Background information
- Origin: Sweden
- Genres: Electropunk, EBM, industrial, heavy metal
- Years active: 1984–2009, 2019–present
- Members: Magnus Fransson Annelie Bertilsson Jonas Awertoft John Wreibo Lindqwister
- Past members: Joel Rydström Laszlo Hago

= Cat Rapes Dog =

Swedish electropunk/EBM/heavy metal band

Cat Rapes Dog is a Swedish electropunk, EBM and heavy metal band, formed in 1984 by Joel Rydström and Magnus Fransson.

Initially the band self-released a number of albums on cassette, (then a trend followed by many independent acts of their type), plus a cassette album & vinyl singles on Swedish label Front Music Production.

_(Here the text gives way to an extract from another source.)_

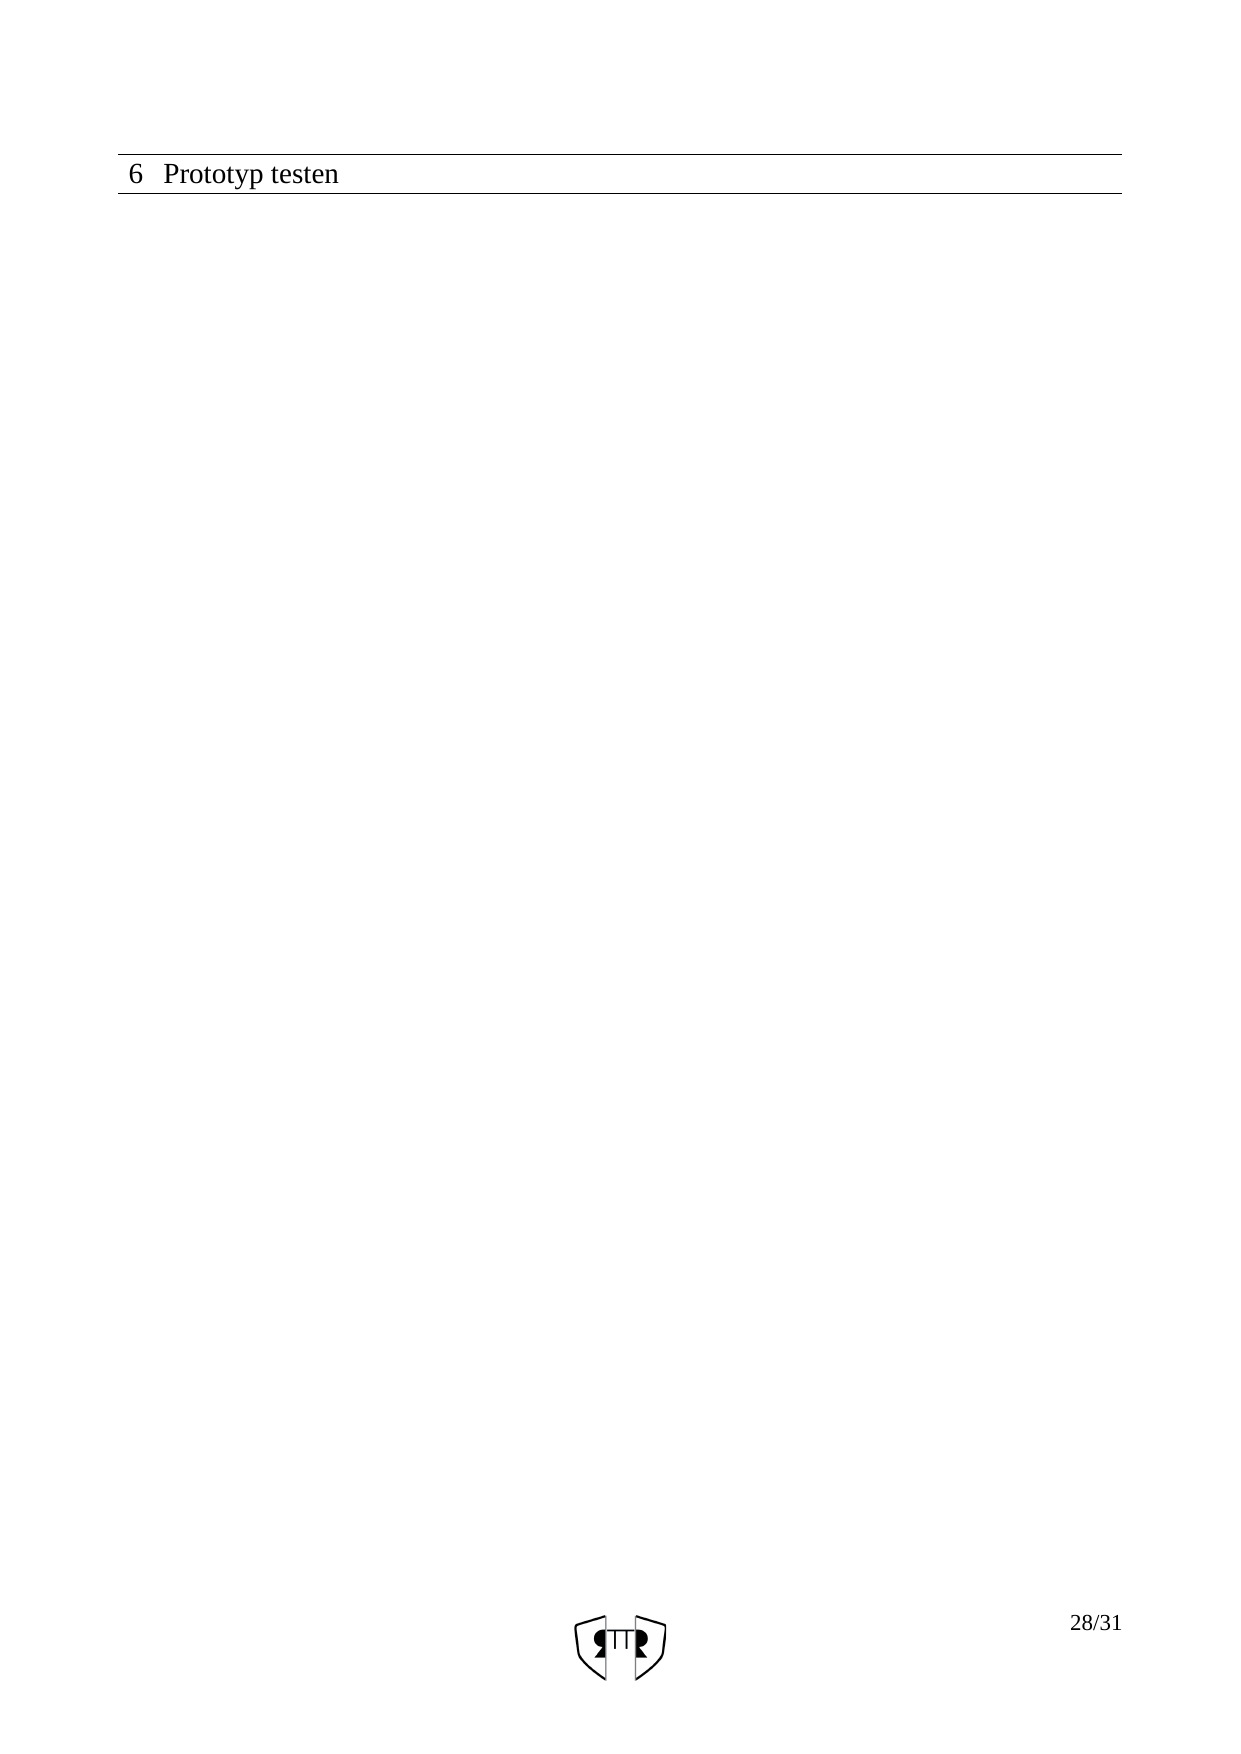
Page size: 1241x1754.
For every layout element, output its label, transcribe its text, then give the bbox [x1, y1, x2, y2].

subtitle Prototyp testen [118, 155, 1122, 193]
picture [574, 1615, 667, 1681]
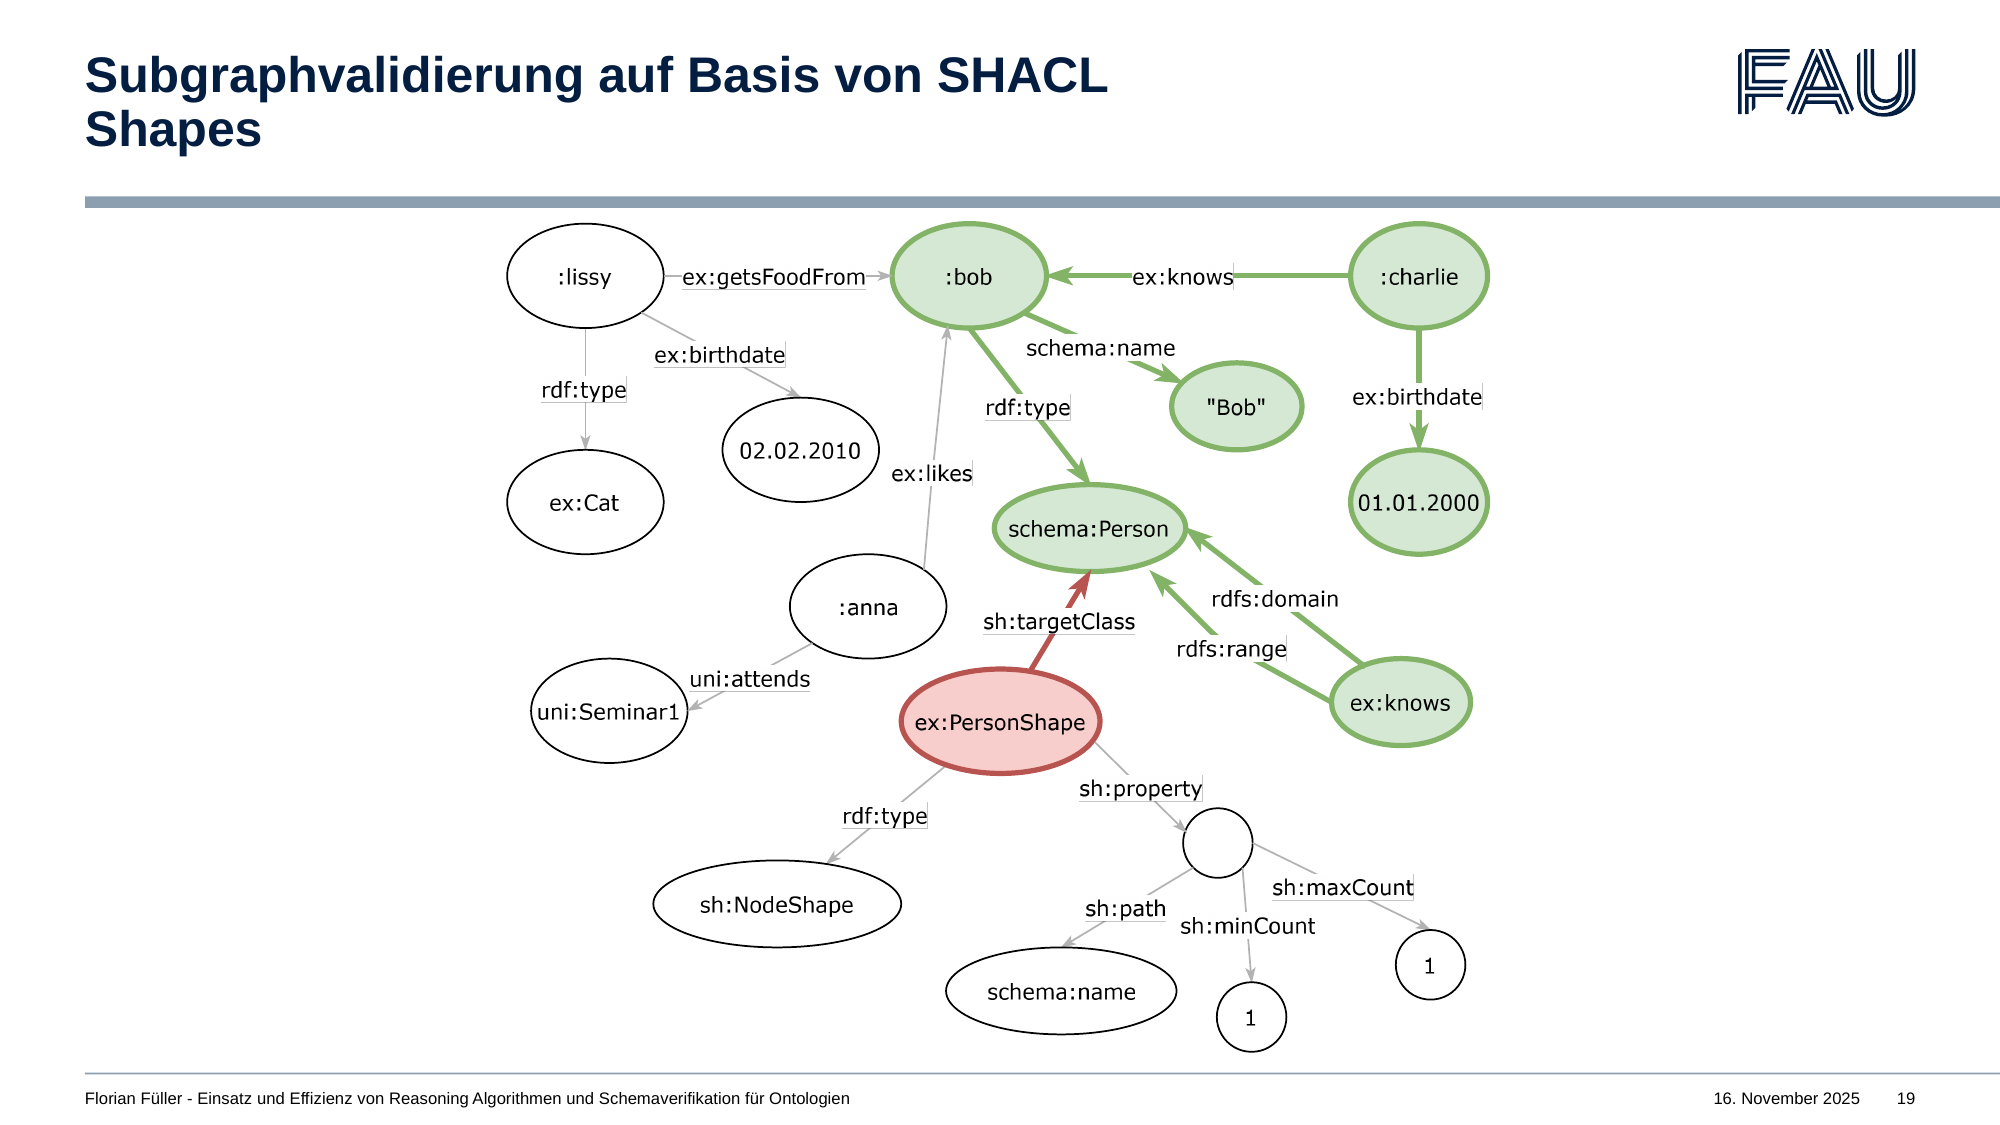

Between 1989 and 1991 Cat Rapes Dog released three studio albums on KK Records, a Belgian independent label specialising in new beat, EBM and industrial acts (such as Front Line Assembly or Vomito Negro) that released over 300 titles between 1987 and 1996. Multiple Cat Rapes Dog albums were later released on Swedish independent labels Energy Rekords (Die Krupps, VNV Nation, Front 242, etc.) and Subspace Communications (Covenant, Apoptygma Berzerk, etc.) and on Artoffact Records of Toronto, Canada in 2013. Additional retrospective compilations have also been released by the above mentioned labels.

== Discography ==

=== Albums ===
- Cat Rapes Dog (1986, MC)
- Nekronomikon (1987, MC)
- Property Produces Bodily Injury (1987, MC)
- Maximum Overdrive (1989)
- God, Guns & Gasoline (1990)
- Superluminal (1991)
- Schizophrenia (1993)
- Moosehair Underwear (1993)
- Biodegradable (1995)
- Fuck Nature (1995)
- More Than You Bargained For (1995)
- The Secrets of God (1998)
- People As Prey (1999)
- Life Was Sweet (2013)
- American Dream (2020)

=== Singles and EPs ===
- Columna Vertebralis (1989)
- Down & Out (1998)
- American Dream 7" (1990)
- Chuckahomo Bridge 12" (1990)
- Fundamental 12" (1990)
- Madman / True Love 7" (1990)
- I Sometimes Wish I Was Famous (1991) (A Swedish Depeche Mode cover album: CRD collaborates with one track: "Something to Do" in which they altered some of the lyrics.)
- The Banzai Beats (1991)
- Superluminal (1991)
- Trojan Whores (1992)
- Moosewear (1993)
- Nej till EU (1994)
- Sucking Dry (1994)
- Motörhead Tribute (1995) (A Scandinavian Motörhead cover album: CRD collaborates with "Deaf Forever".)